(Extracted records)
^^^^^^^^
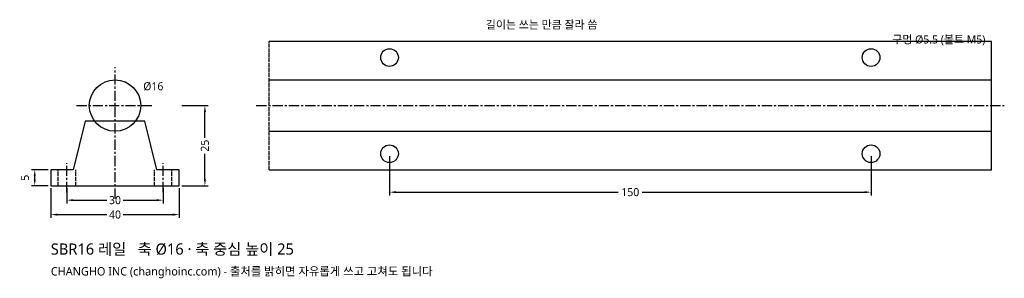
# Model space of a CAD drawing. Header units: millimetres. Extents: x -30 to 277, y -29 to 52.
import ezdxf

# ---------------------------------------------------------------- set-up
doc = ezdxf.new("R2010")
doc.units = ezdxf.units.MM
doc.linetypes.add('CENTER', pattern=[5.08, 3.175, -0.635, 0.635, -0.635])
doc.linetypes.add('DASHED', pattern=[1.524, 1.27, -0.254])
for name, color, linetype in [('문자', 7, 'CONTINUOUS'), ('숨은선', 3, 'DASHED'), ('외형선', 7, 'CONTINUOUS'), ('중심선', 1, 'CENTER'), ('치수', 4, 'CONTINUOUS')]:
    doc.layers.add(name, color=color, linetype=linetype)
doc.styles.add('CH_KOR', font='malgun.ttf')
doc.dimstyles.new('CH_DIM', dxfattribs={"dimtxt": 2.5, "dimasz": 2, "dimexe": 1, "dimexo": 0.8, "dimgap": 0.8, "dimtad": 1, "dimdec": 1, "dimdsep": 46, "dimtxsty": 'CH_KOR', "dimcen": 2.5, "dimclrd": 4, "dimclre": 4, "dimclrt": 4, "dimazin": 3, "dimtfac": 1, "dimtmove": 0, "dimatfit": 3})

# ---------------------------------------------------------------- blocks, each defined once
blk = doc.blocks.new('_CLOSEDFILLED')
at = {"color": 0, "linetype": 'BYBLOCK'}
blk.add_solid([(-1, 0.16), (0, 0), (-1, -0.16)], dxfattribs=at)
blk = doc.blocks.new('*D1')
at = {"color": 4}
for p, q in [((-20, -0.8), (-20, -10)), ((20, -0.8), (20, -10)), ((-18, -9), (-2.5, -9)), ((2.5, -9), (18, -9))]:
    blk.add_line(p, q, dxfattribs=at)
at = {"layer": 'Defpoints'}
for p in [(-20, 0), (20, 0), (-20, -9)]:
    blk.add_point(p, dxfattribs=at)
at = {"layer": '치수', "color": 4, "xscale": 2, "yscale": 2, "rotation": 180}
blk.add_blockref('_CLOSEDFILLED', (-20, -9), dxfattribs=at)
at = {"layer": '치수', "color": 4, "xscale": 2, "yscale": 2}
blk.add_blockref('_CLOSEDFILLED', (20, -9), dxfattribs=at)
at = {"layer": '치수', "color": 4, "insert": (0, -9), "char_height": 2.5, "attachment_point": 5, "style": 'CH_KOR'}
blk.add_mtext('40', dxfattribs=at)
blk = doc.blocks.new('*D2')
at = {"color": 4}
for p, q in [((-15, -0.8), (-15, -5.5)), ((15, -0.8), (15, -5.5)), ((-13, -4.5), (-2.5, -4.5)), ((2.5, -4.5), (13, -4.5))]:
    blk.add_line(p, q, dxfattribs=at)
at = {"layer": 'Defpoints'}
for p in [(-15, 0), (15, 0), (-15, -4.5)]:
    blk.add_point(p, dxfattribs=at)
at = {"layer": '치수', "color": 4, "xscale": 2, "yscale": 2, "rotation": 180}
blk.add_blockref('_CLOSEDFILLED', (-15, -4.5), dxfattribs=at)
at = {"layer": '치수', "color": 4, "xscale": 2, "yscale": 2}
blk.add_blockref('_CLOSEDFILLED', (15, -4.5), dxfattribs=at)
at = {"layer": '치수', "color": 4, "insert": (0, -4.5), "char_height": 2.5, "attachment_point": 5, "style": 'CH_KOR'}
blk.add_mtext('30', dxfattribs=at)
blk = doc.blocks.new('*D3')
at = {"color": 4}
for p, q in [((20.8, 25), (29, 25)), ((28, 15), (28, 23)), ((28, 2), (28, 10)), ((20.8, 0), (29, 0))]:
    blk.add_line(p, q, dxfattribs=at)
at = {"layer": 'Defpoints'}
for p in [(20, 25), (20, 0), (28, 0)]:
    blk.add_point(p, dxfattribs=at)
at = {"layer": '치수', "color": 4, "xscale": 2, "yscale": 2}
for p, rotation in [((28, 25), 90), ((28, 0), 270)]:
    blk.add_blockref('_CLOSEDFILLED', p, dxfattribs=dict(at, rotation=rotation))
at = {"layer": '치수', "color": 4, "insert": (28, 12.5), "char_height": 2.5, "attachment_point": 5, "rotation": 90, "style": 'CH_KOR'}
blk.add_mtext('25', dxfattribs=at)
blk = doc.blocks.new('*D4')
at = {"color": 4}
for p, q in [((-20.8, 5), (-26, 5)), ((-20.8, 0), (-26, 0)), ((-25, 2), (-25, 3))]:
    blk.add_line(p, q, dxfattribs=at)
at = {"layer": 'Defpoints'}
for p in [(-20, 5), (-25, 0), (-20, 0)]:
    blk.add_point(p, dxfattribs=at)
at = {"layer": '치수', "color": 4, "xscale": 2, "yscale": 2}
for p, rotation in [((-25, 5), 90), ((-25, 0), 270)]:
    blk.add_blockref('_CLOSEDFILLED', p, dxfattribs=dict(at, rotation=rotation))
at = {"layer": '치수', "color": 4, "insert": (-28.05, 2.5), "char_height": 2.5, "attachment_point": 5, "rotation": 90, "style": 'CH_KOR'}
blk.add_mtext('5', dxfattribs=at)
blk = doc.blocks.new('*D5')
at = {"color": 4}
for p, q in [((85.5, 9.2), (85.5, -3)), ((235.5, 9.2), (235.5, -3)), ((87.5, -2), (156.75, -2)), ((164.25, -2), (233.5, -2))]:
    blk.add_line(p, q, dxfattribs=at)
at = {"layer": 'Defpoints'}
for p in [(85.5, 10), (235.5, 10), (85.5, -2)]:
    blk.add_point(p, dxfattribs=at)
at = {"layer": '치수', "color": 4, "xscale": 2, "yscale": 2, "rotation": 180}
blk.add_blockref('_CLOSEDFILLED', (85.5, -2), dxfattribs=at)
at = {"layer": '치수', "color": 4, "xscale": 2, "yscale": 2}
blk.add_blockref('_CLOSEDFILLED', (235.5, -2), dxfattribs=at)
at = {"layer": '치수', "color": 4, "insert": (160.5, -2), "char_height": 2.5, "attachment_point": 5, "style": 'CH_KOR'}
blk.add_mtext('150', dxfattribs=at)

msp = doc.modelspace()

# ---------------------------------------------------------------- linework, layer by layer
at = {"layer": '숨은선'}
for p, q in [((48, 5), (48, 45)), ((273, 5), (273, 45)), ((-17.75, 0), (-17.75, 5)), ((-12.25, 0), (-12.25, 5)), ((12.25, 0), (12.25, 5)), ((17.75, 0), (17.75, 5))]:
    msp.add_line(p, q, dxfattribs=at)
at = {"layer": '외형선'}
for p, q in [((48, 33), (273, 33)), ((48, 17), (273, 17))]:
    msp.add_line(p, q, dxfattribs=at)
msp.add_lwpolyline([(48, 5), (273, 5), (273, 45), (48, 45)], dxfattribs=at)
msp.add_lwpolyline([(-20, 0), (20, 0), (20, 5), (13.01, 5), (9.25, 20.2), (-9.25, 20.2), (-13.01, 5), (-20, 5)], close=True, dxfattribs=at)
for centre, radius in [((85.5, 40), 2.75), ((235.5, 40), 2.75), ((0, 25), 8), ((85.5, 10), 2.75), ((235.5, 10), 2.75)]:
    msp.add_circle(centre, radius, dxfattribs=at)
at = {"layer": '중심선'}
for p, q in [((0, -4), (0, 37)), ((-12, 25), (12, 25)), ((44, 25), (277, 25)), ((-15, -2), (-15, 7)), ((15, -2), (15, 7))]:
    msp.add_line(p, q, dxfattribs=at)

# ---------------------------------------------------------------- texts
at = {"layer": '문자', "style": 'CH_KOR'}
for s, height, p in [('길이는 쓰는 만큼 잘라 씀', 2.5, (115.5, 49)), ('구멍 Ø5.5 (볼트 M5)', 2.5, (242.1, 44.4)), ('Ø16', 2.5, (8.8, 29.8)), ('SBR16 레일   축 Ø16 · 축 중심 높이 25', 3.5, (-20, -21.5)), ('CHANGHO INC (changhoinc.com) - 출처를 밝히면 자유롭게 쓰고 고쳐도 됩니다', 2.6, (-20, -28))]:
    msp.add_text(s, height=height, dxfattribs=at).set_placement(p)

# ---------------------------------------------------------------- dimensions: what is measured, and where the dimension line sits
at = {"layer": '치수'}
for base, p1, p2, picture, middle in [((28, 0), (20, 0), (20, 25), '*D3', (28, 12.5)), ((-25, 0), (-20, 0), (-20, 5), '*D4', (-28.05, 2.5))]:
    dim = msp.add_linear_dim(base=base, p1=p1, p2=p2, angle=90, dimstyle='CH_DIM', override={"dimscale": 1}, dxfattribs=at)
    dim.commit()
    dim.dimension.update_dxf_attribs({"geometry": picture, "text_midpoint": middle})
for base, p1, p2, picture, middle in [((85.5, -2), (85.5, 10), (235.5, 10), '*D5', (160.5, -2)), ((-20, -9), (-20, 0), (20, 0), '*D1', (0, -9)), ((-15, -4.5), (-15, 0), (15, 0), '*D2', (0, -4.5))]:
    dim = msp.add_linear_dim(base=base, p1=p1, p2=p2, dimstyle='CH_DIM', override={"dimscale": 1}, dxfattribs=at)
    dim.commit()
    dim.dimension.update_dxf_attribs({"geometry": picture, "text_midpoint": middle})

doc.saveas('drawing.dxf')
^^^^^^^^
== TASK PROMPT ==
Output must match the lines from the start of the records above through the line that contains "doc.styles.add('CH_KOR', font='malgun.ttf')", exactly and with every picture removed.

== RESULT OF THIS TASK ==
# Model space of a CAD drawing. Header units: millimetres. Extents: x -30 to 277, y -29 to 52.
import ezdxf

# ---------------------------------------------------------------- set-up
doc = ezdxf.new("R2010")
doc.units = ezdxf.units.MM
doc.linetypes.add('CENTER', pattern=[5.08, 3.175, -0.635, 0.635, -0.635])
doc.linetypes.add('DASHED', pattern=[1.524, 1.27, -0.254])
for name, color, linetype in [('문자', 7, 'CONTINUOUS'), ('숨은선', 3, 'DASHED'), ('외형선', 7, 'CONTINUOUS'), ('중심선', 1, 'CENTER'), ('치수', 4, 'CONTINUOUS')]:
    doc.layers.add(name, color=color, linetype=linetype)
doc.styles.add('CH_KOR', font='malgun.ttf')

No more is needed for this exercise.